When you add iron the media that yeast are growing in, even wild-type, unengineered cells are a little magnetic, this "basal magnetization" being caused by the iron accumulating in the vacuole. Using a superconducting quantum interference device (SQUID), Nishida shows that the synergistic effect of deleting iron accumulation in the vacuole and expressing ferritin makes the cells 3 times more magnetic than wild-type yeast, able to be quickly attracted to magnets placed underneath the liquid culture (in cute patterns or not):

Next, they wanted to see if they could control the yeast magnetism not just by adding more iron, but by controlling genes involved in iron homeostasis or cellular redox state. Redox balance determines how many electrons are available in the cell, and when there are fewer electrons iron will be oxidized from Fe2+ to Fe3+ and precipitate out of solution into magnetic clusters. Out of 60 gene deletions screened for changes in magnetism, one gene in particular was found to be necessary for the magnetism observed in high iron media. TCO89 is a nonessential part of TORC1, a complex of many proteins involved in regulating cellular stress responses, including nutrient and redox stress. When TCO89 was deleted, the cells were not magnetic, and when it was expressed in multiple copies the cells were more strongly attracted to the magnet. Because of this genetic dose-dependence, magnetism can be induced in yeast by controlling the expression of TCO89 with gene regulatory machinery that can be activated by external conditions, such as the presence of nutrients or chemicals. This can be used as a unique biological input or output in synthetic biology, improve efforts for precipitation and bioremediation of dangerous metals, as well as impact our understanding of cellular iron and electron metabolism.

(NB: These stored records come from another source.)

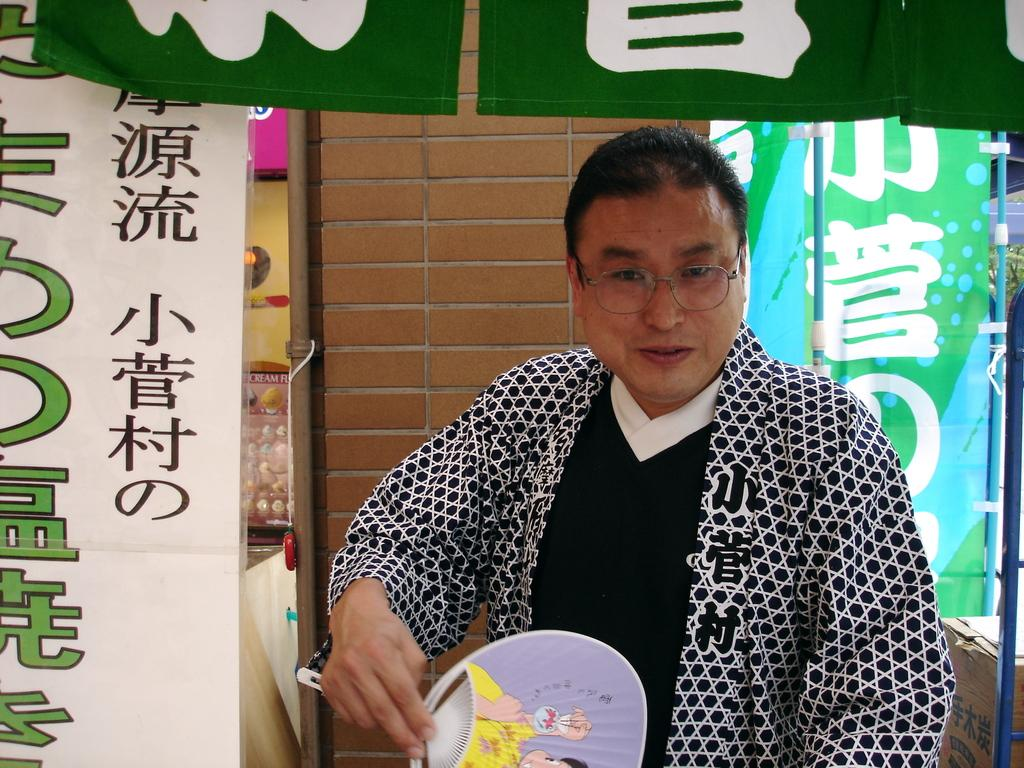Who is present in the image? There is a man in the image. What is the man wearing? The man is wearing spectacles. What is the man holding in the image? The man is holding a hand fan. What is the man's facial expression? The man is smiling. What can be seen in the background of the image? There is a wall, banners, poles, and some objects in the background of the image. What song is the man singing in the image? There is no indication in the image that the man is singing a song, so it cannot be determined from the picture. 
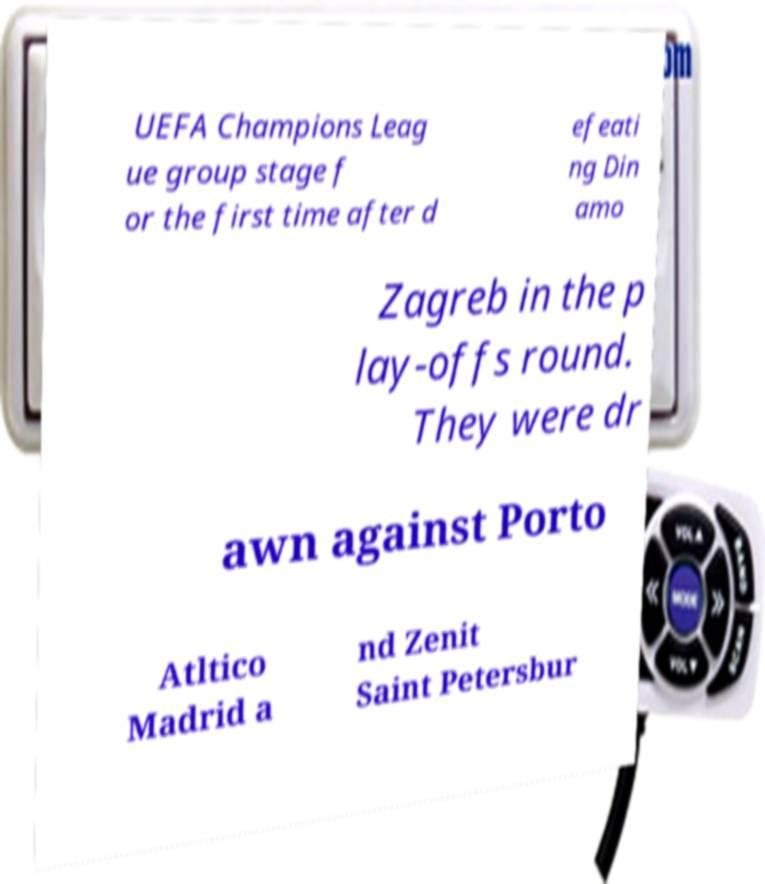Could you assist in decoding the text presented in this image and type it out clearly? UEFA Champions Leag ue group stage f or the first time after d efeati ng Din amo Zagreb in the p lay-offs round. They were dr awn against Porto Atltico Madrid a nd Zenit Saint Petersbur 
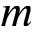<formula> <loc_0><loc_0><loc_500><loc_500>m</formula> 
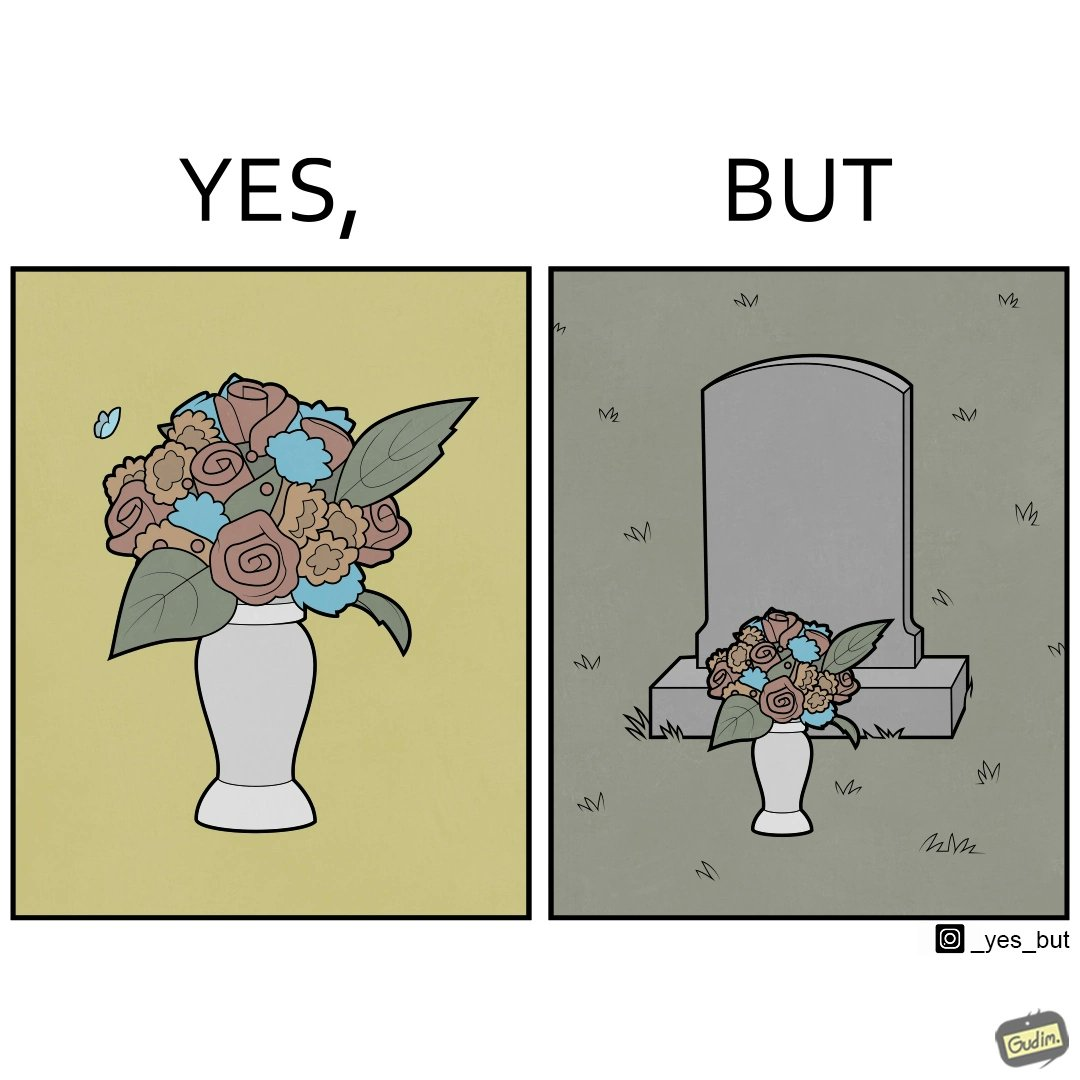Is this a satirical image? Yes, this image is satirical.

"The importance of redox state in magnetization offers insight into magnetotactic bacteria."

Magnetotactic bacteria live exclusively in microaerobic environments, using their magnetic crystals to find the perfect oxygen concentration. Oxygen availability influences the cell's redox state, hinting at a possible evolutionary connection between iron sequestration, redox mediation, and the evolution of bio-magnetism. Perhaps cells adapted to certain redox conditions created the ideal chemical environment for the formation of iron crystals, which evolved into magnetosomes.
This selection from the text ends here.